The news that Solar Dynamics has been placed in receivership is more than another corporate headline – see Solar Dynamics placed in receivership. It is another example of a recurring trend: the fading of locally owned Barbadian companies from our national landscape. Each time one of these firms disappear, we lose more than economic activity. We lose a piece of ourselves. A country is not built only on laws; it is built on the enterprise of its people, the risks being taken, and the confidence we have in our capacity to overcome. When local companies like Solar Dynamics, disappears, we lose a piece of ourselves. Do not forget our motto, Pride and Industry. These should be more than mere words but invoke the meaning of who WE are, and WE are willing to protect what is OURS.
For decades, Barbadians built many companies that reflected our ingenuity, our resilience, and our sense of community – Solar Dynamics, ACME, Barbados National Bank, Nation newspaper, WIBISCO to name a handful. These firms were not perfect, but they were ours.

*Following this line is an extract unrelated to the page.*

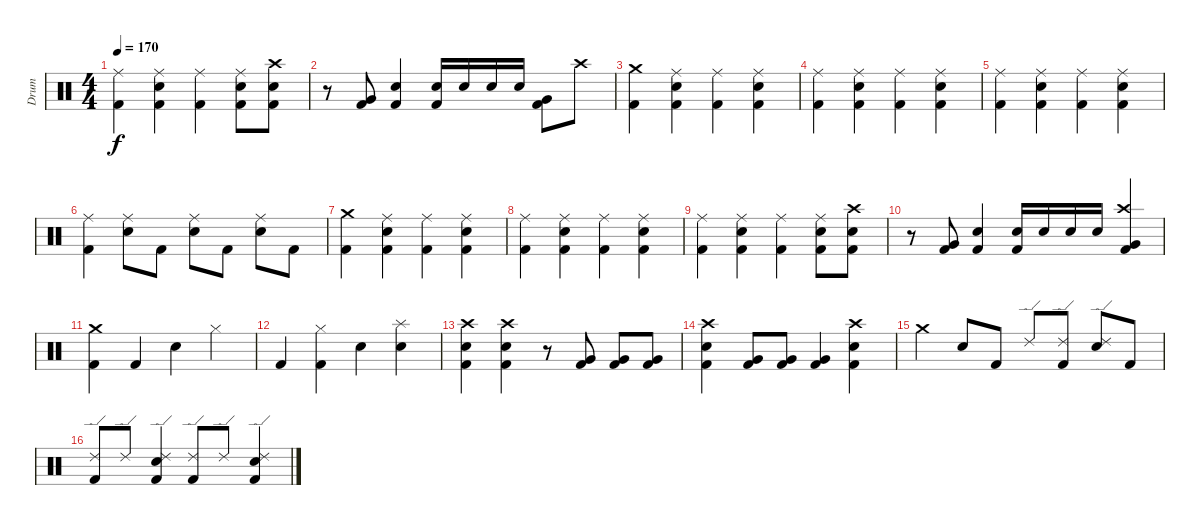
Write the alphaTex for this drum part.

From an economic standpoint, profits circulated in the domestic economy, trained our people, and anchored our sovereignty as a proud people. We earned the plaudit of fighting above our weight category. Whether through mismanagement, structural weaknesses, or competitive changes in the environment- our local captains of industry have been unable to stem the flow of foreign capital being used to acquire our best local companies. While foreign investment is welcome, local ownership must matter given its link to what defines a national identity. Ownership of anything infuses a confidence that creates a type of decision making and self confidence.
The disappearance of several local companies is not just an economic concern, although it seems this is the preferred measure of success in these times. It is a cultural one. What we build, what we sustain, and what we choose to protect says something about who we are as a people. It is like the saying goes, we are what we eat. Our actions shape our national identity. If we allow our own institutions to collapse while embracing imported ‘replacements’, we send a loud message to Barbadians, young and old, about what we value.
As Crop Over approaches, the concern about our national identity intensifies for a lowly blogmaster. The festival that once expressed the soul of Barbadian culture is now being influenced and reshaped by imported behaviours. The music, the revelry, the imagery- much of it is now dictated by cost and what is popular elsewhere, not by who we are or the legacy state in the 70s, 80s. We are importing a mindset that is deflating our local psyche. People jumping on Kadooment Day now mirror what we see in Trinidad, Antigua, Brazil. There is no differentiation. Calvacades and other community activities have long been replaced by exclusive fetes and private jumpups. Is this who we want to be?
The counter that we must accept change is valid- culture must evolve. festivals and related activities must adapt, we get it. But adapting without anchoring to what is Barbadianna is simply IMITATION. And this imitation will continue to dilute our national identity to what end? The real paradox is that our national identity comes directly from our present behaviours.
The same principle applies to our economy. When locally owned companies disappear and are replaced by external entities, we lose the ability to define our own development path. When our cultural expressions are shaped by outside forces, we lose the ability to define our own narrative. If a ship is tossed about by the currents without the guidance of a firm rudder, a crash is inevitable. Are we there yet?
If we prefer a Barbados that stands confidently in the world, we must protect and rebuild our decaying institutions that are our mirror image. We must support local enterprise with the same passion we bring to imported fetes like Tipsy. We must treat our culture not as a commodity but a legacy. When the dust settles, what we do is who we become.